[Opening Information provided section]

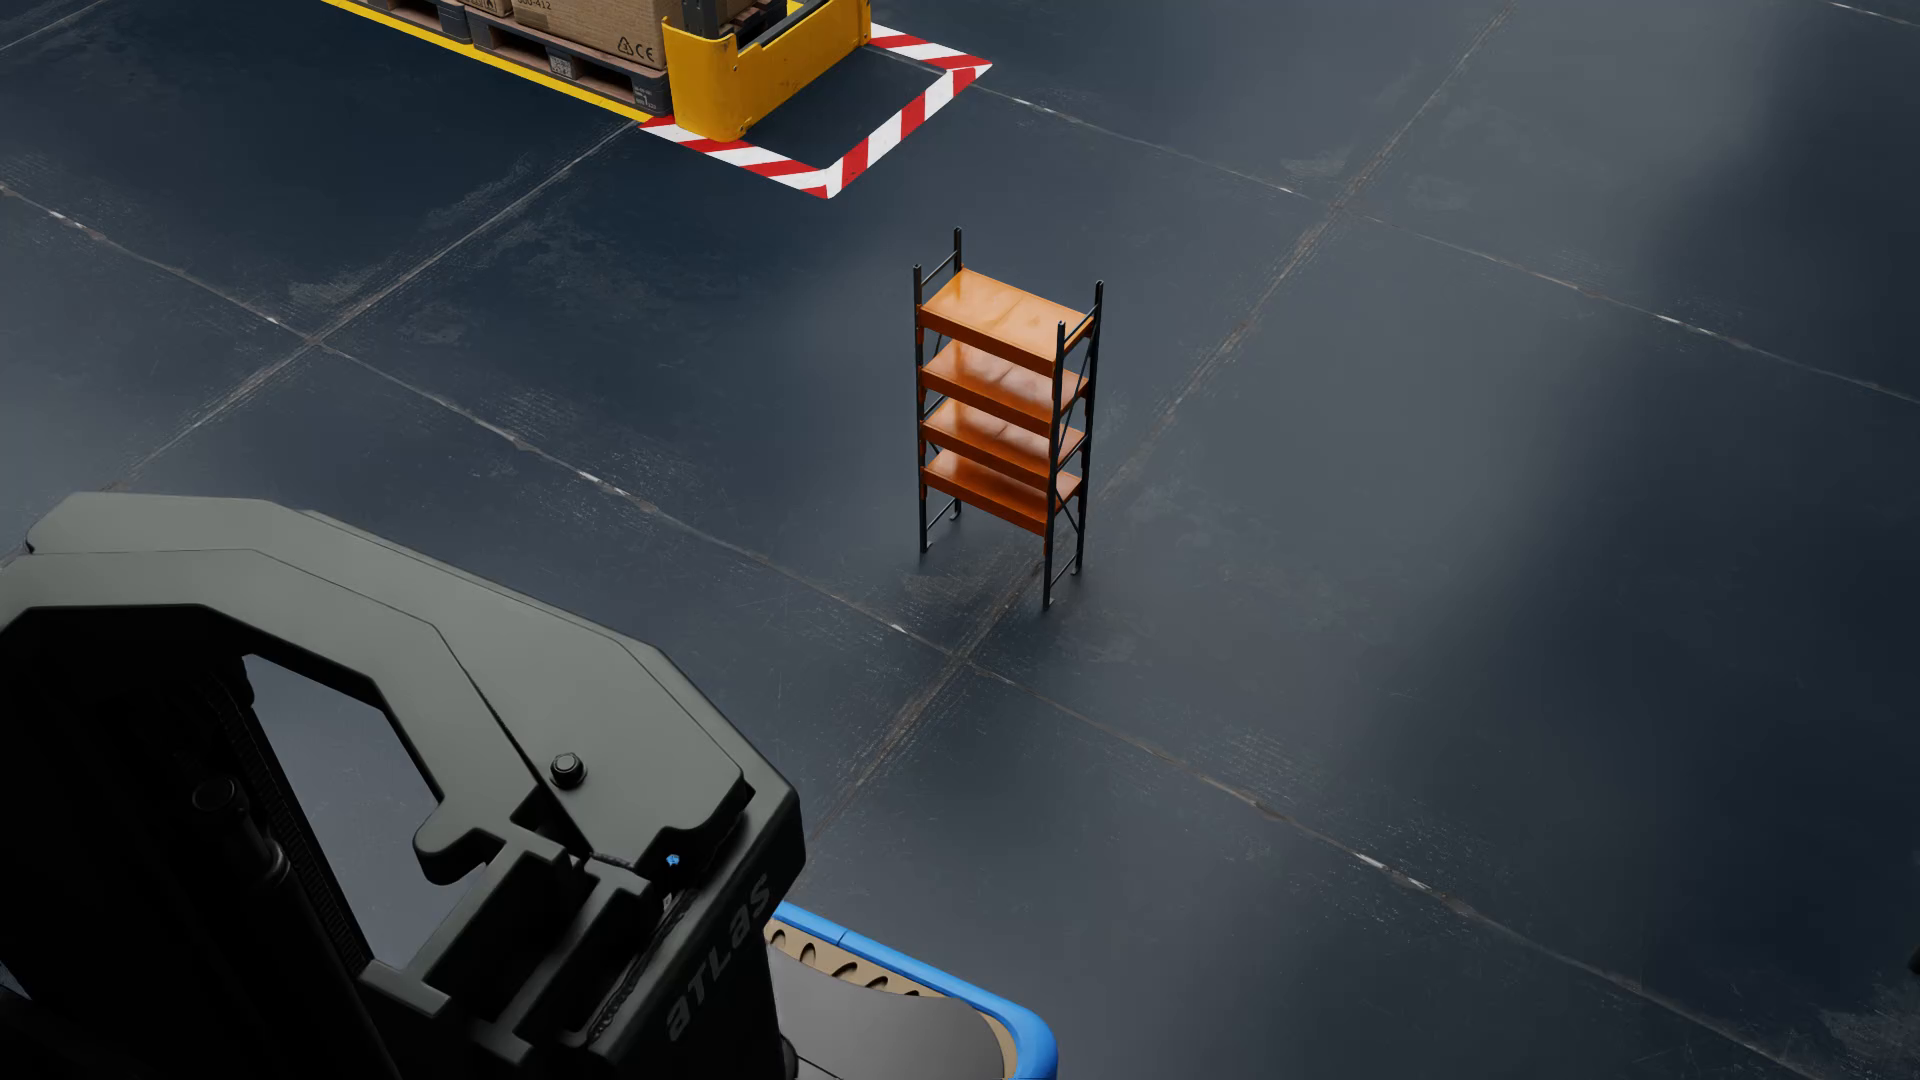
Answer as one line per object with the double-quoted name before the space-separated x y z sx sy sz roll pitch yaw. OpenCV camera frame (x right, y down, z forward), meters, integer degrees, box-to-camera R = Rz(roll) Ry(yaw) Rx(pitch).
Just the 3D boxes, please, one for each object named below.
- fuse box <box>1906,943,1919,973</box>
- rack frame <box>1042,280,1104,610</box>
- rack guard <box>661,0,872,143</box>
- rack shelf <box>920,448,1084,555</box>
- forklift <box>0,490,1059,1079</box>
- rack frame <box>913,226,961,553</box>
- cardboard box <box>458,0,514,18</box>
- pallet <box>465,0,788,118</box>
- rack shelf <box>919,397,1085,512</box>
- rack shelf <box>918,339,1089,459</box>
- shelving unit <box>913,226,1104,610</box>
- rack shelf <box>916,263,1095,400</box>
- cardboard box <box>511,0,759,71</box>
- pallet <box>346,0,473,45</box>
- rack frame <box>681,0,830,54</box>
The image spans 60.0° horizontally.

[Closing Information provided section]

Required action: A verbatim copy of the records is expected, from their first line through the line with "- rack shelf <box>920,448,1084,555</box>", inclusive, with the pictures removed.

Task result:
Answer as one line per object with the double-quoted name before the space-separated x y z sx sy sz roll pitch yaw. OpenCV camera frame (x right, y down, z forward), meters, integer degrees, box-to-camera R = Rz(roll) Ry(yaw) Rx(pitch).
Just the 3D boxes, please, one for each object named below.
- fuse box <box>1906,943,1919,973</box>
- rack frame <box>1042,280,1104,610</box>
- rack guard <box>661,0,872,143</box>
- rack shelf <box>920,448,1084,555</box>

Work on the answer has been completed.